How Did I Get Involved?
By Pamela D. Wilson, CSA, MS, BS/BA, CG
I recently received a telephone call from the housekeeper of a woman named Shirley. She called, frantic because Shirley was starving herself — she wanted to die. After speaking with the housekeeper, I learned that there was a neighbor who had taken on the task of helping Shirley on a regular basis because there was no immediate family in town.
I spoke to Mike, the neighbor, about visiting with he and Shirley to determine what might be done. Upon meeting Shirley, I discovered a small woman of 5 feet and 80 lbs. according to the scale in her home. She was quite conversational and admitted that she was starving herself because “the angel of death had visited” and she no longer wanted to live. Shirley was physically weak, could barely walk by herself and had not bathed in some time. She had a notable lack of memory and her only means of nutrition was juice that she drank during the day.
Mike was concerned about his personal responsibility and liability in supporting Shirley’s desire to starve herself. I was concerned about her falling in the home or being too weak to call for help. We spoke to Shirley about going to the doctor – she refused and said she had not seen a doctor in over five years because she just didn’t trust them.

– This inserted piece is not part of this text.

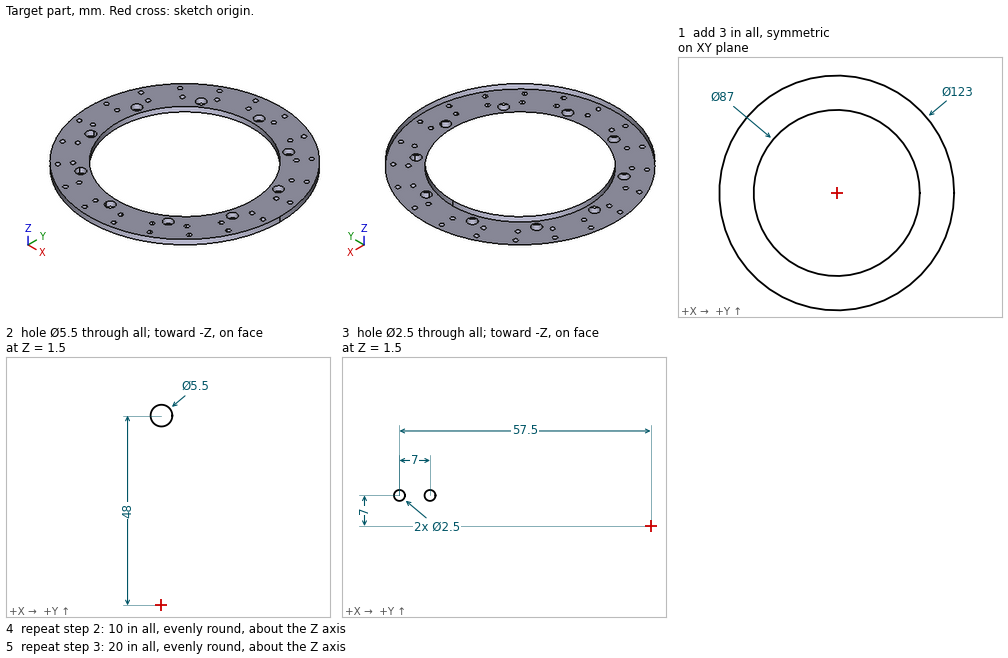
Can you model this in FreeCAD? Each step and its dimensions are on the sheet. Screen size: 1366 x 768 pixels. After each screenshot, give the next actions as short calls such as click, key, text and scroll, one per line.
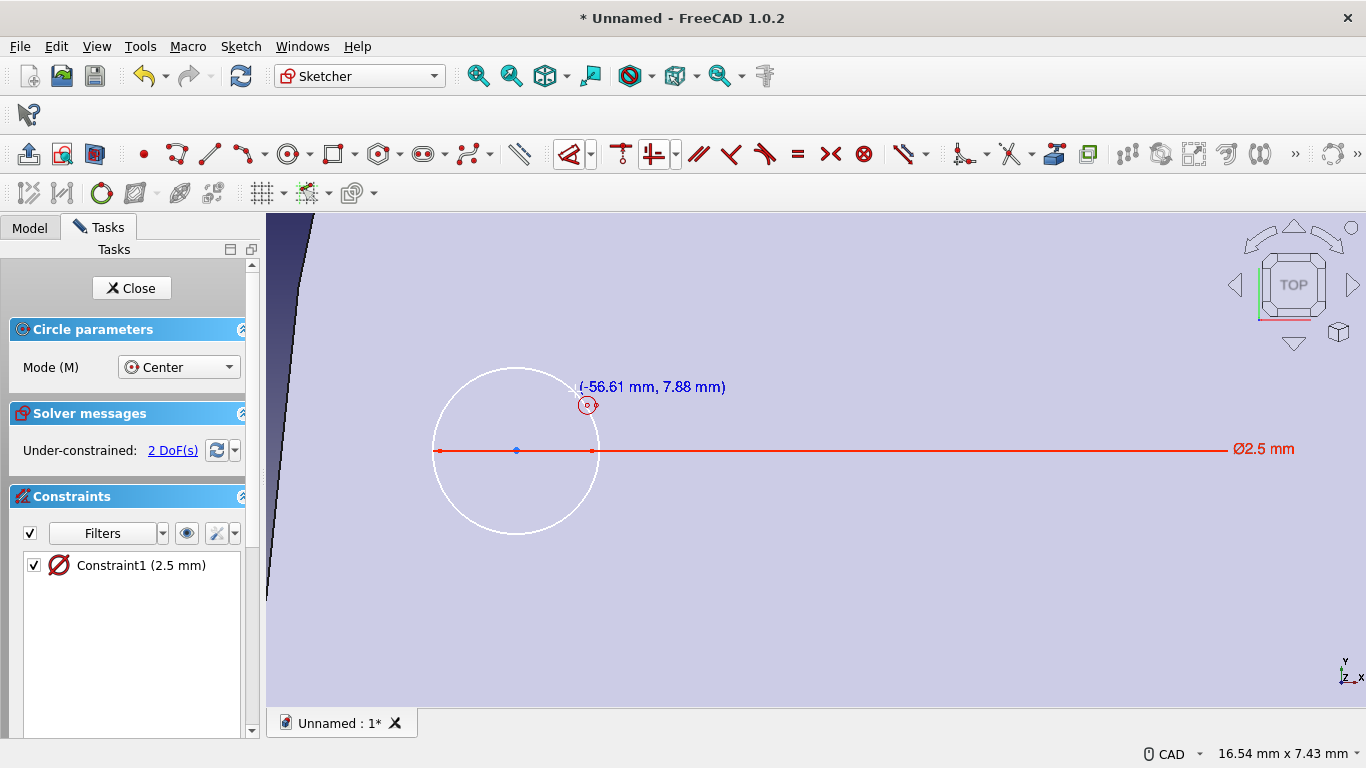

Shirley agreed to have an in home caregiver come into her home to help her bathe and check on her on a daily basis in addition to wearing an emergency call device in the event of a fall or other emergency. Mike was torn between his personal desire to help Shirley and his desire to do the right thing for her physical well-being.
In a situation like this, where there are no clear guidelines, where does one go for help or advice if a person refuses to seek medical help? Many of us in our desire to help others sometimes become involved in situations for which we are unprepared.
Contacting an advocate is one option to allow an independent evaluation of the situation and a discussion of options. In Shirley’s case, we were eventually able to convince her to agree to go to the hospital for an evaluation. The result was that she was diagnosed with cancer and was placed immediately in a hospice community where she was made comfortable. She remained there for a few weeks until she passed away without worry, pain or discomfort. Mike was relieved that Shirley was able to receive needed care and passed away peacefully.